This bowl is a classic example of the refined blue and white wares made for the court of the Xuande Emperor. It is well potted and decorated making good use of the 'heaped and piled' effect of the cobalt where this will enhance the design. The Xuande reign is known for the variety of its porcelain forms, some of which appear only infrequently outside the period. This particular bowl form is a case in point. Its pleasing, almost hemispherical, shape and convex 'sugar loaf' internal medallion, are not often found in later periods.

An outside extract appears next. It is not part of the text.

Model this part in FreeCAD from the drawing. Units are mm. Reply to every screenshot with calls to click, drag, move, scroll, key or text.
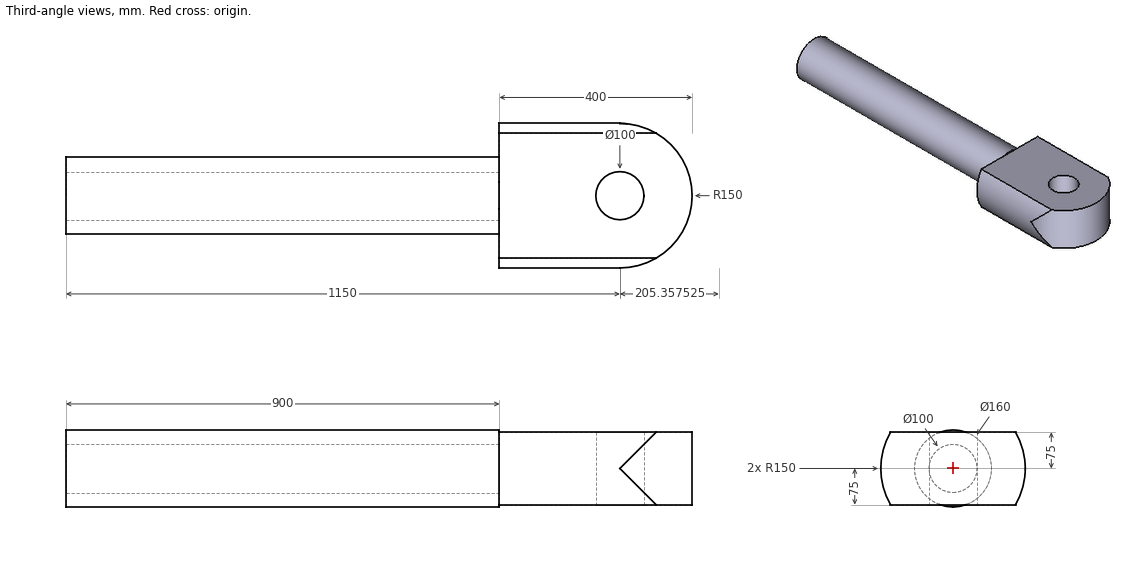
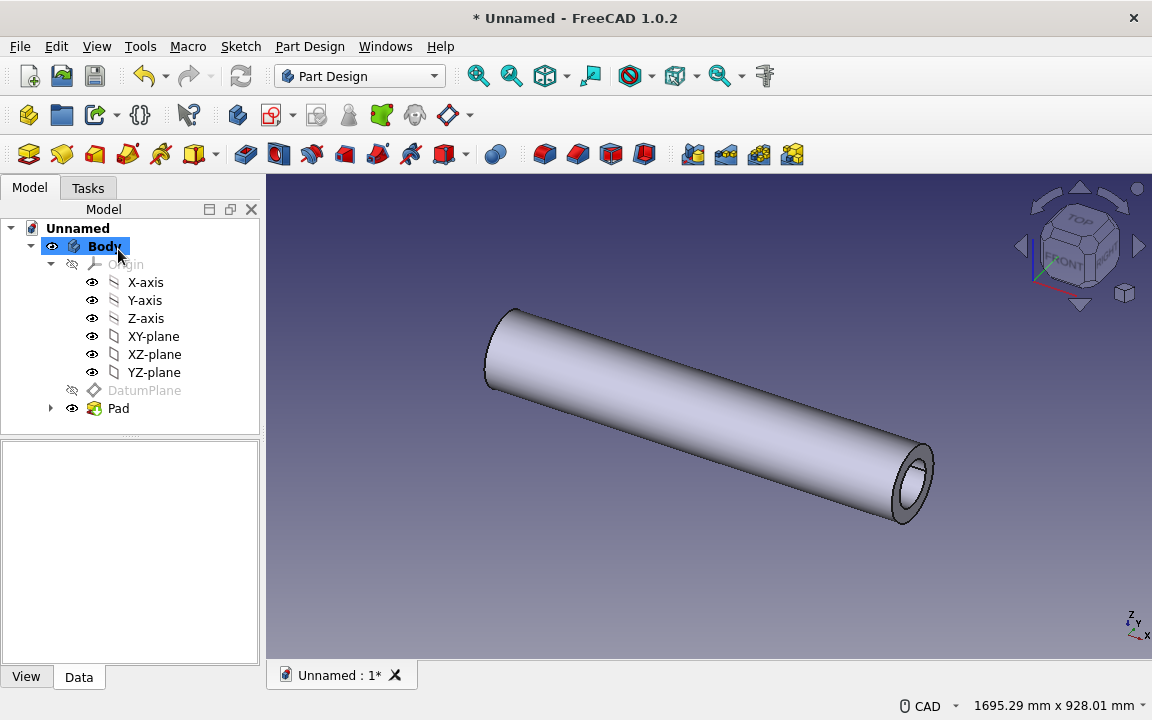
key(0)

The decorative scheme, which displays some influence of Middle Eastern design, perfectly complements the form.
An identical bowl in shape, size and decoration in the National Palace Museum, Taipei, is illustrated in Catalogue of the Special Exhibition of Selected Hsüan-te Imperial Porcelains of the Ming Dynasty, Taipei, 1998, pp. 296-7, no. 121. The National Palace Museum also has a slightly smaller Xuande-marked bowl bearing the same decorative scheme, except for the omission of the classic scroll on the interior mouth rim and the lotus petal band around the exterior base, ibid., pp. 298-9, no. 122. The Palace Museum, Beijing also has one of the smaller examples similar to the second Taipei vessel illustrated in The Complete Collection of Treasures of the Palace Museum - 34 - Blue and White Porcelain with Underglaze Red (I), Hong Kong, 2000, p. 167, no. 158.
For two similar bowls of smaller size than the current vessel, one in the Percival David Foundation and one in the Shanghai Museum, see Illustrated Catalogue of Underglaze Blue and Copper Red, London, 1976, pl. XV, no. B697; and Wang Qingzheng, Underglaze Blue and Red, Hong Kong, 1993, p. 94, no. 67, respectively.